Instructions to follow —
An exact restatement is required. Cover only the lines of the records from the first through the line with "tags: cattle, returning", and skip pictures.

Stored data —

#####

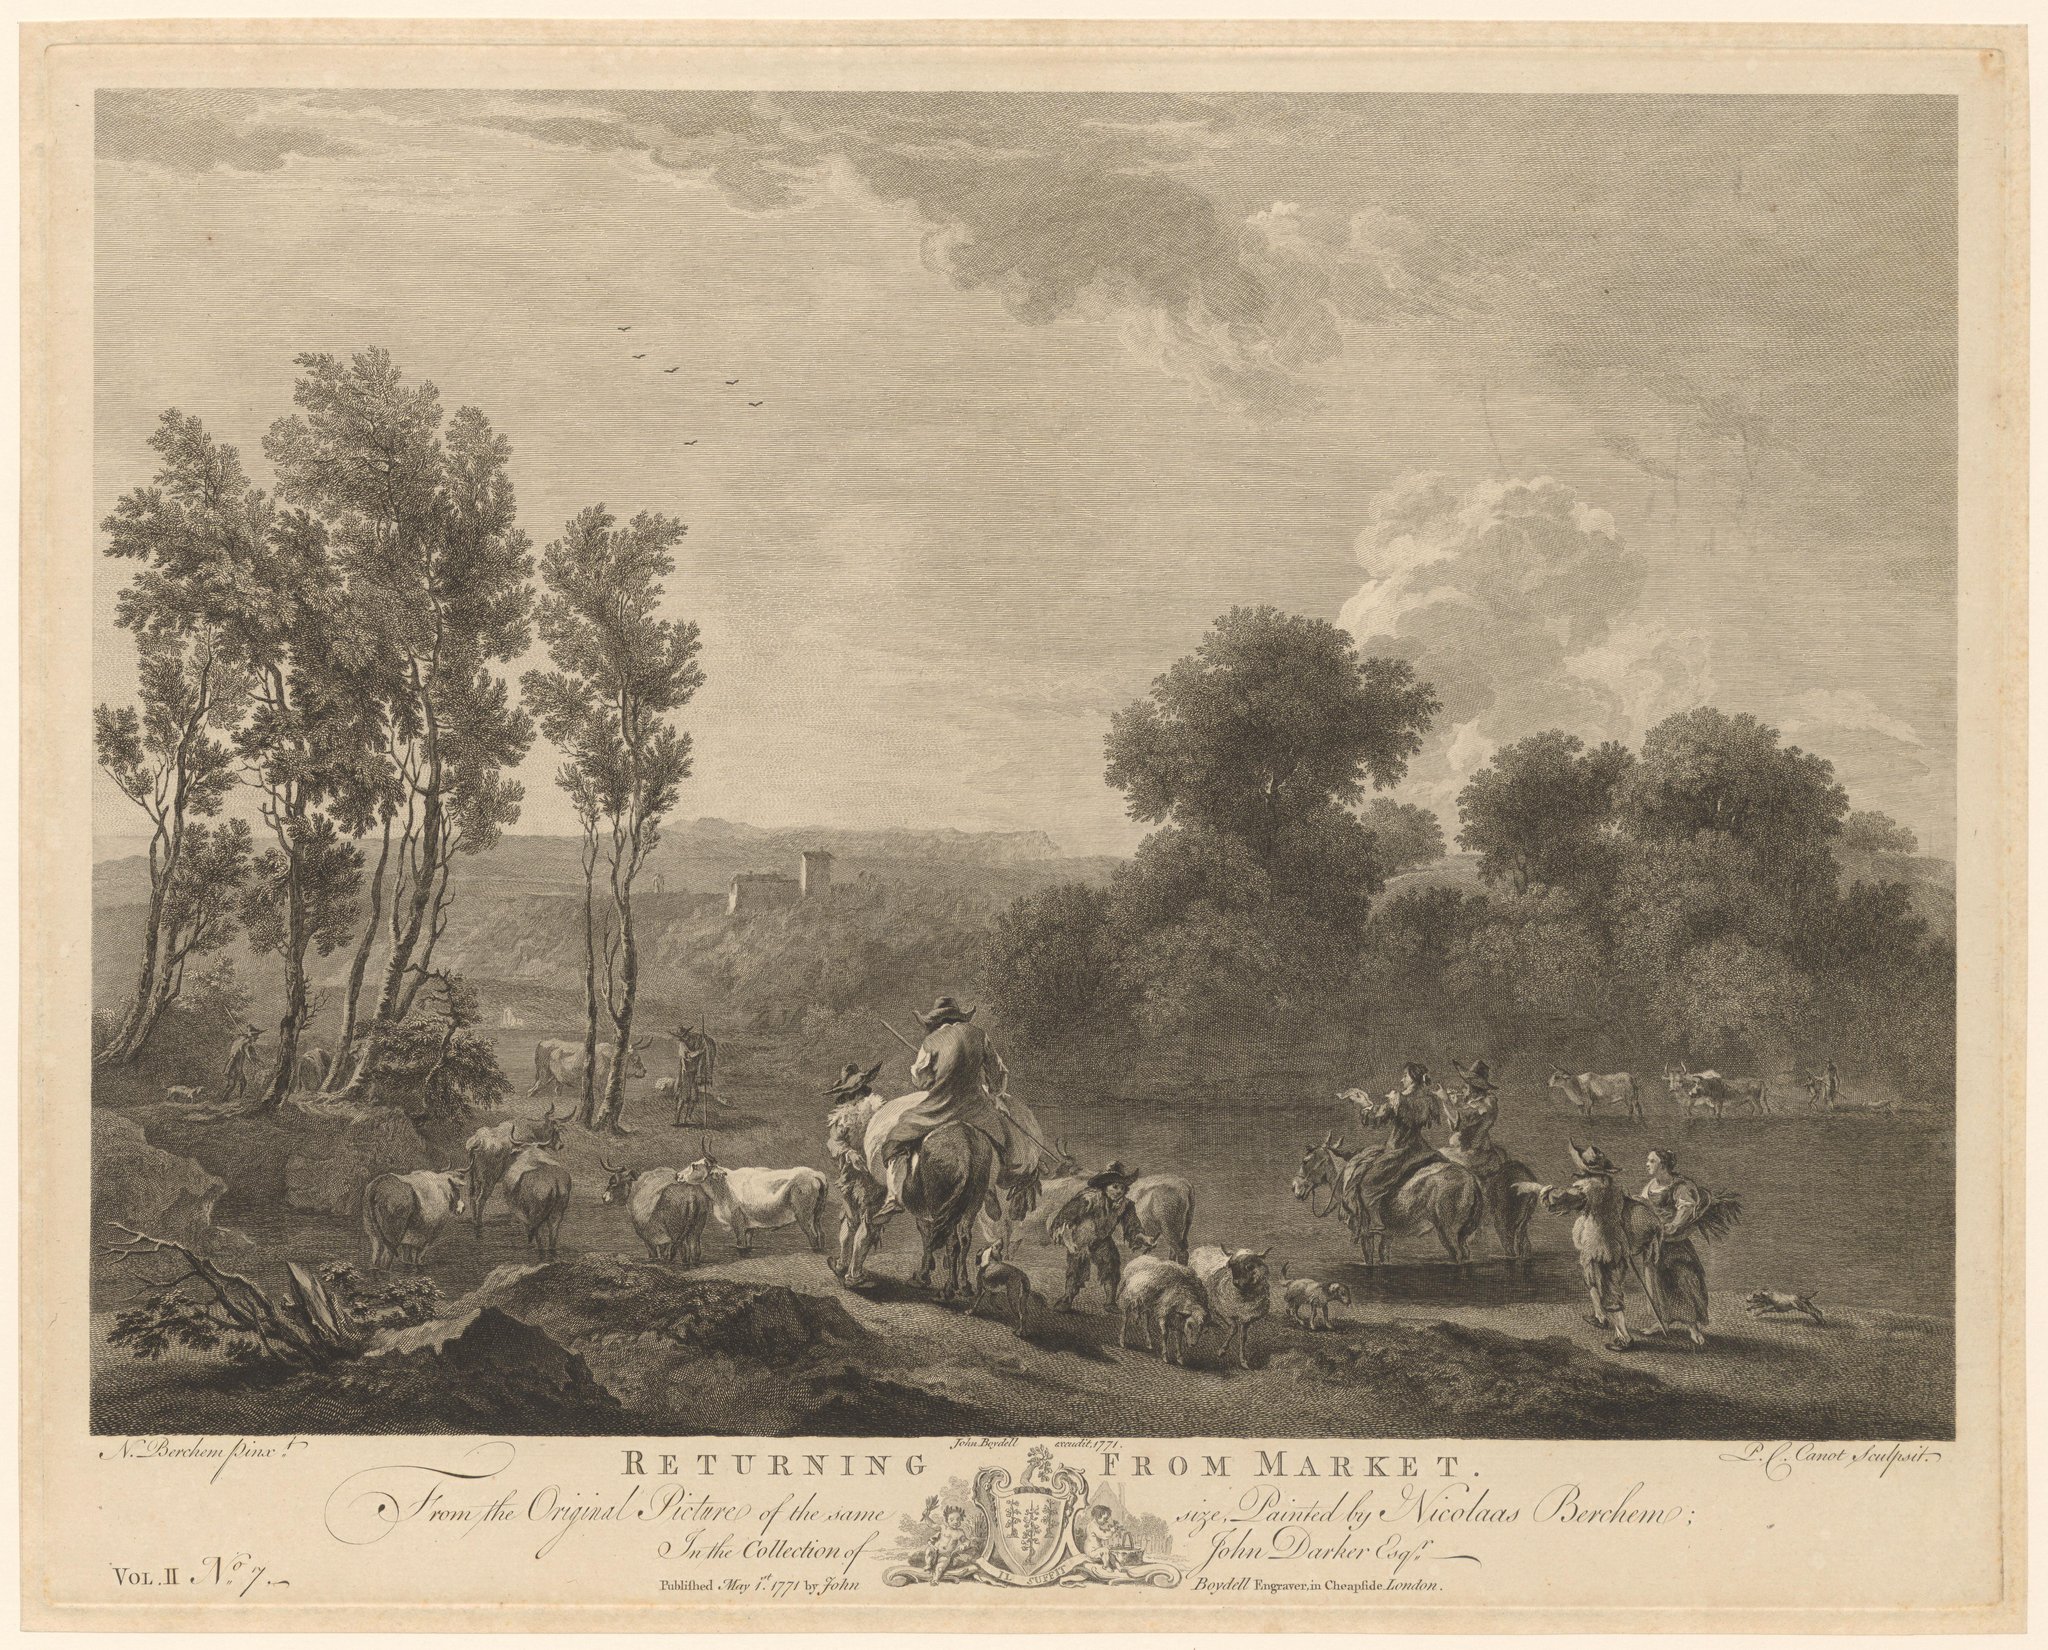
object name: print
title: Landschap met herders en reizigers aan een oever
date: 1771
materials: paper
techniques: engraving, etching
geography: london
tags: cattle, returning from the market, river bank (+ landscape with figures, staffage)
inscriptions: collector's mark: Lugt 240
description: Prent maakt deel uit het tweede deel van een serie. De complete serie is bekend onder de titel 'The Most Capital Paintings in England'. De eerste drie delen zijn uitgebracht met de serietitel 'Sculptura Britannica'. De prenten werden gepubliceerd tussen 1763-1786 en vanaf 1769 met meerdere delen uitgegeven.

#####

Result —
object name: print
title: Landschap met herders en reizigers aan een oever
date: 1771
materials: paper
techniques: engraving, etching
geography: london
tags: cattle, returning from the market, river bank (+ landscape with figures, staffage)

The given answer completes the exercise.